ALL HAIL THE ONE STATE, ALL HAIL CIPHERS, ALL HAIL THE BENEFACTOR!
As I write this, I feel something: my cheeks are burning. Integrating the grand equation of the universe: yes. Taming a wild zigzag along a tangent, toward the asymptote, into a straight line: yes. You see, the line of the One State—it is a straight line. A great, divine, precise, wise, straight line—the wisest of lines.
I am D-503. I am the Builder of the Integral. I am only one of the mathematicians of the One State. My pen, more accustomed to mathematical figures, is not up to the task of creating the music of unison and rhyme. I will just attempt to record what I see, what I think—or, more exactly, what we think. (Yes, that’s right: we. And let that also be the title of these records: We.) So these records will be manufactured from the stuff of our life, from the mathematically perfect life of the One State, and, as such, might they become, inadvertently, regardless of my intentions, an epic poem? Yes—I believe so and I know so.
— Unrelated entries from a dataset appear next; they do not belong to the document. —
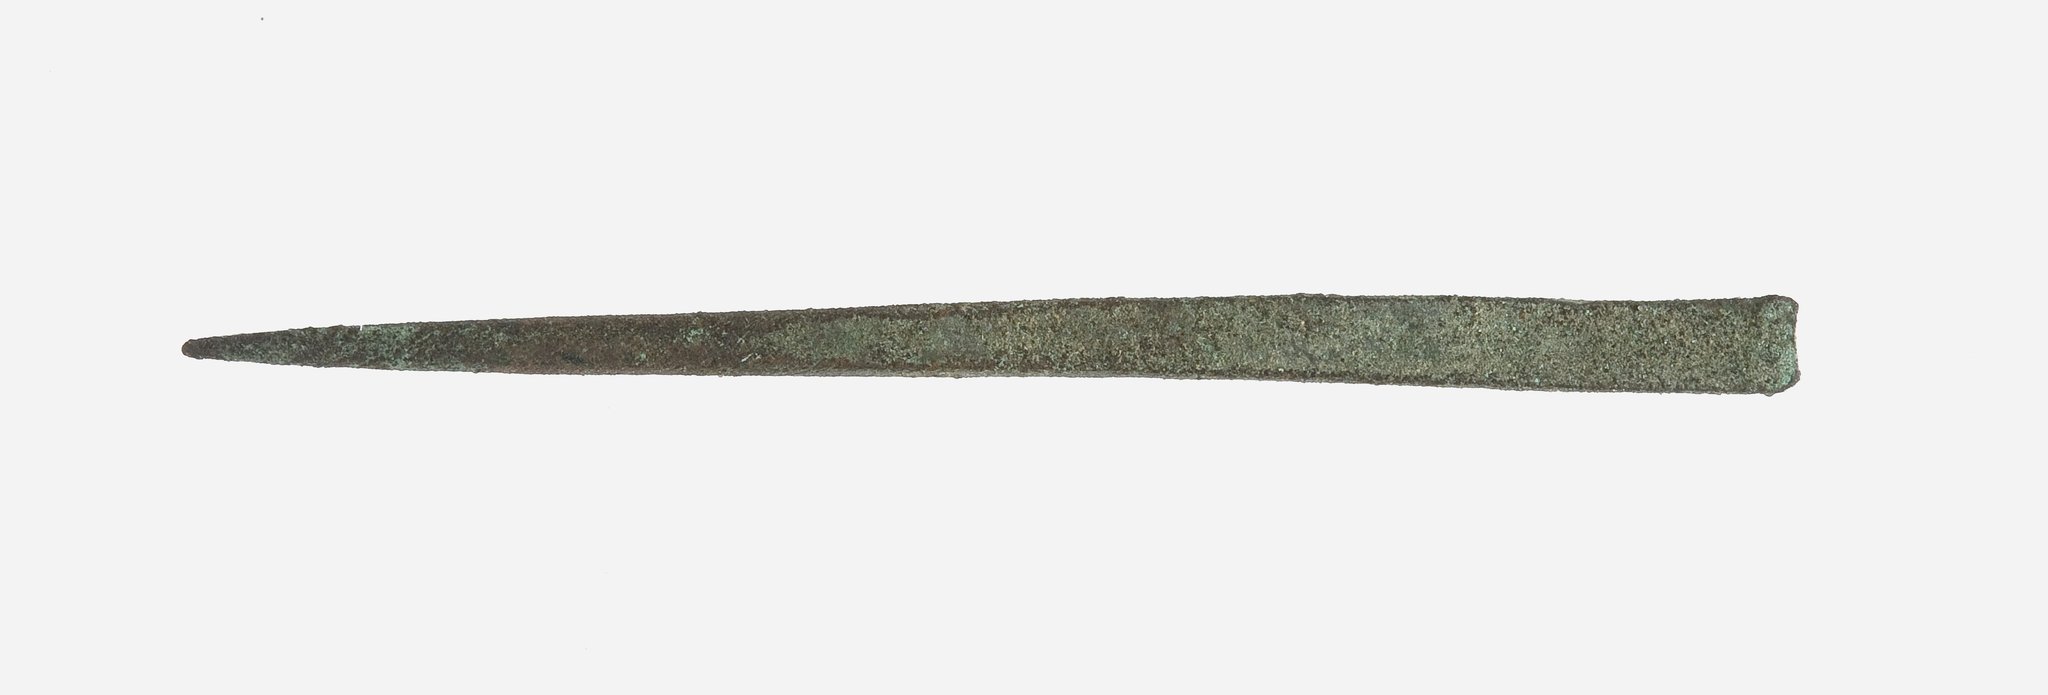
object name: awl, leatherwork
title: Leatherworker's Awl Point
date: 1390-1352 BCE
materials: bronze, copper alloy
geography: egypt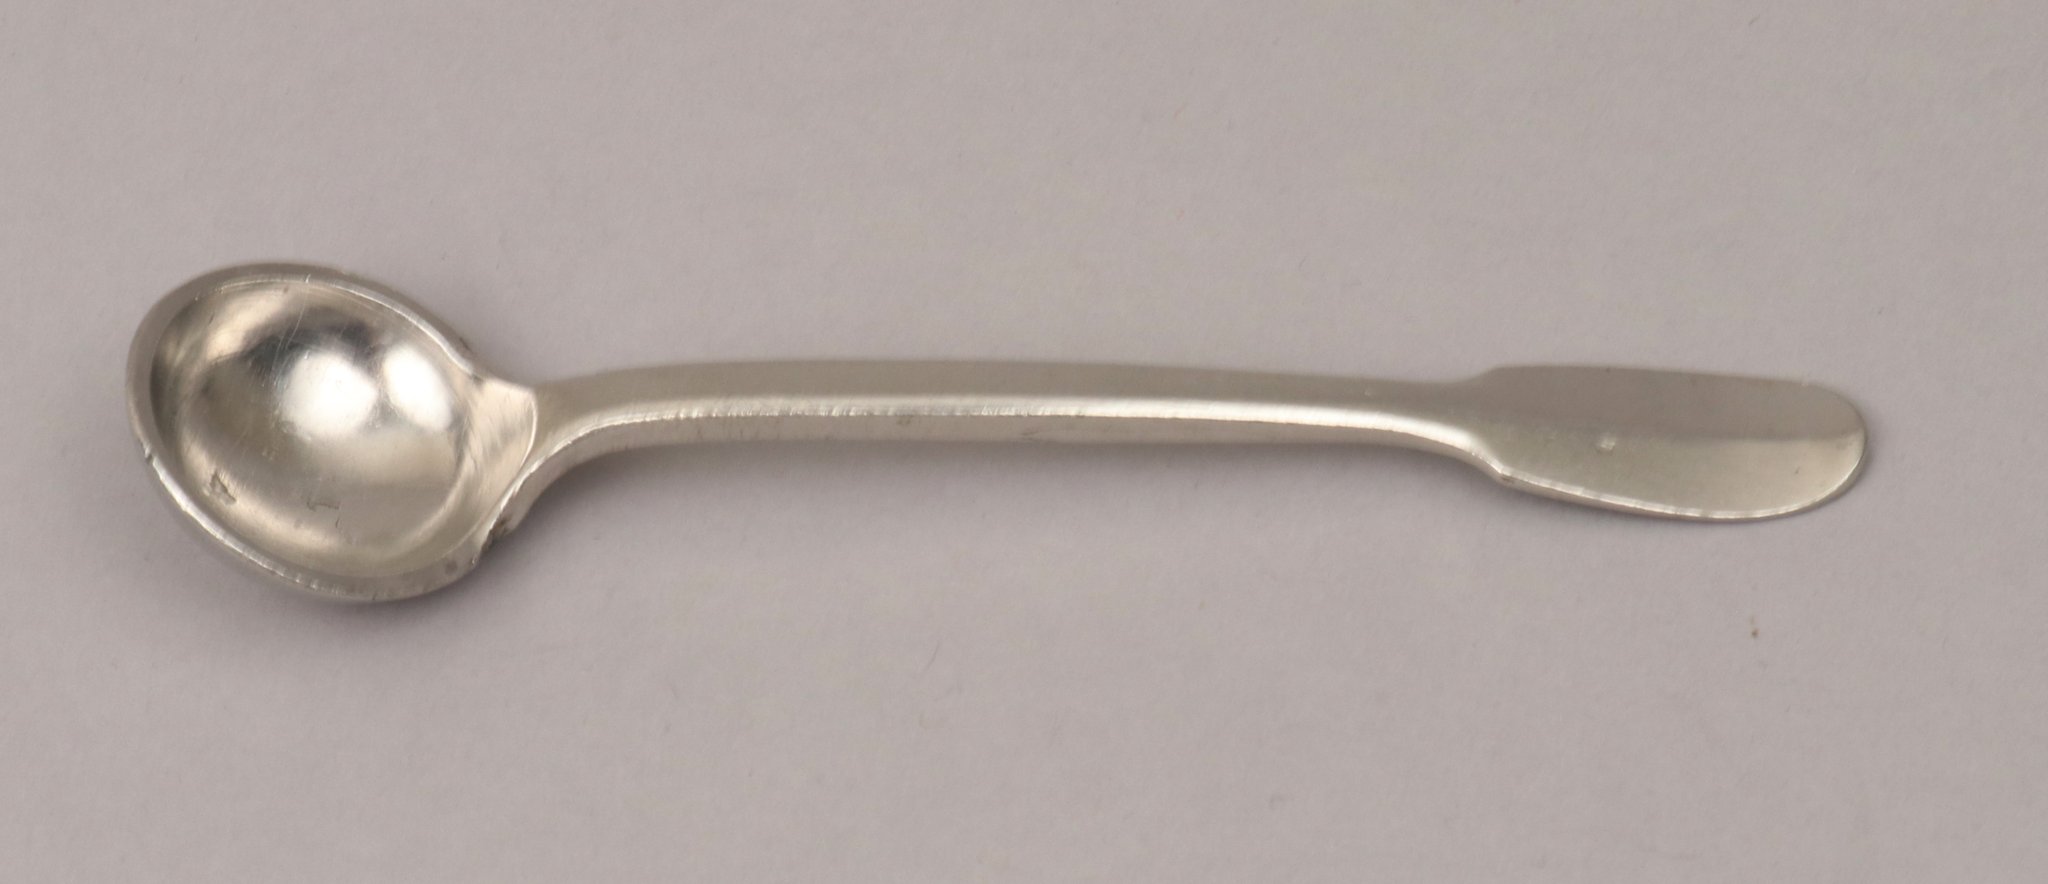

As I write this: I feel my cheeks burn. I suppose this resembles what a woman experiences when she first hears a new pulse within her—the pulse of a tiny, unseeing, mini-being. This text is me; and simultaneously not me. And it will feed for many months on my sap, my blood, and then, in anguish, it will be ripped from my self and placed at the foot of the One State.
But I am ready and willing, just as every one—or almost every one of us. I am ready.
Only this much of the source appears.